Which lines run from the one containing "Formatted like this" through the last line of the records? Copy them exactly, leaving pictures out.

Collection entries:
◇ ◇ ◇ ◇
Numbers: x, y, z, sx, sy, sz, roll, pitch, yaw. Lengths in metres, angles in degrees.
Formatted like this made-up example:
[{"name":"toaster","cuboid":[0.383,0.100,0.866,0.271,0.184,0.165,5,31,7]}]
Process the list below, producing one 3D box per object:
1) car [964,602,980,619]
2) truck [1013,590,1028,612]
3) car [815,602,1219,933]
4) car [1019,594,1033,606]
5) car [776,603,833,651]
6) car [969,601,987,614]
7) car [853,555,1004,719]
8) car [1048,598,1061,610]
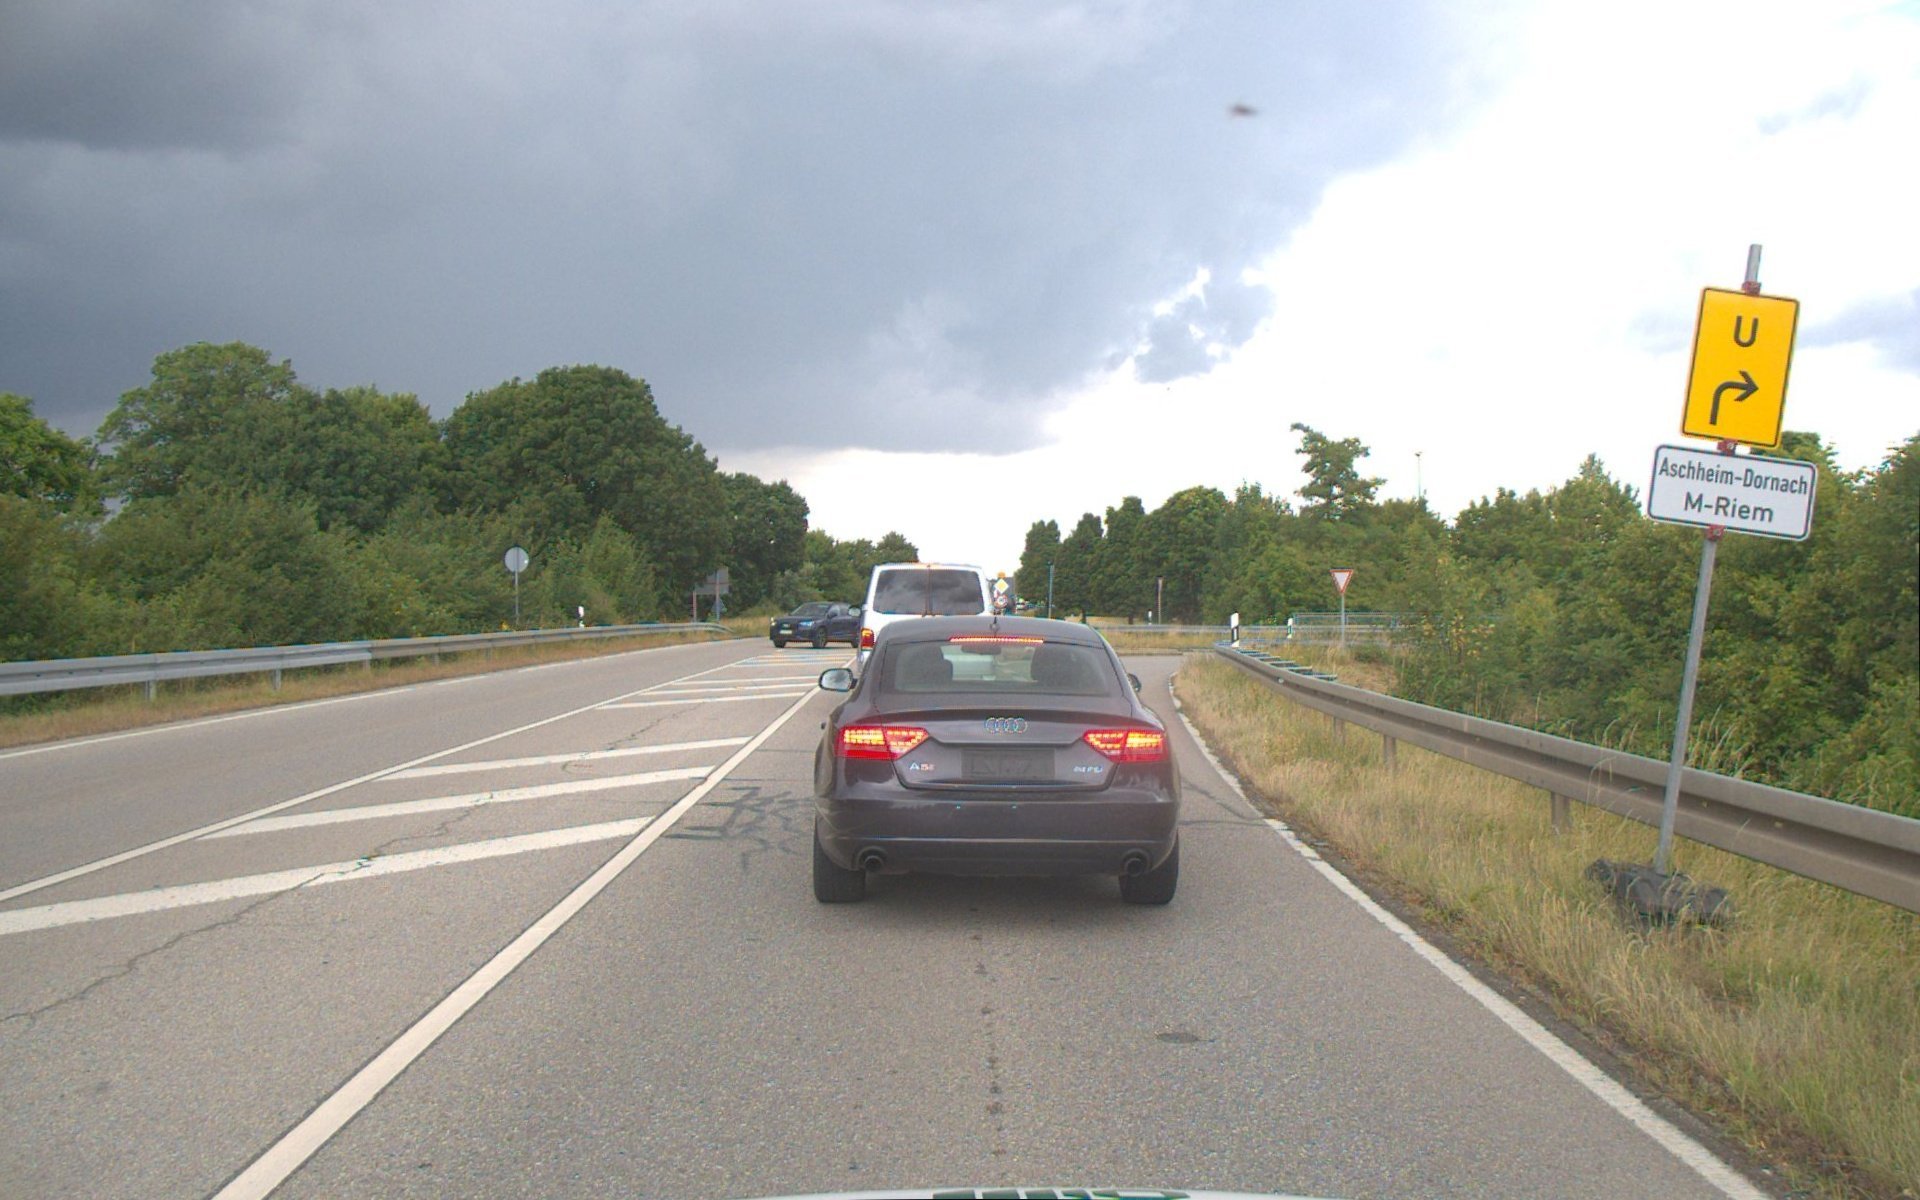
◇ ◇ ◇ ◇
### ANSWER TO THIS TASK
Formatted like this made-up example:
[{"name":"toaster","cuboid":[0.383,0.100,0.866,0.271,0.184,0.165,5,31,7]}]
Process the list below, producing one 3D box per object:
1) car [964,602,980,619]
2) truck [1013,590,1028,612]
3) car [815,602,1219,933]
4) car [1019,594,1033,606]
5) car [776,603,833,651]
6) car [969,601,987,614]
7) car [853,555,1004,719]
8) car [1048,598,1061,610]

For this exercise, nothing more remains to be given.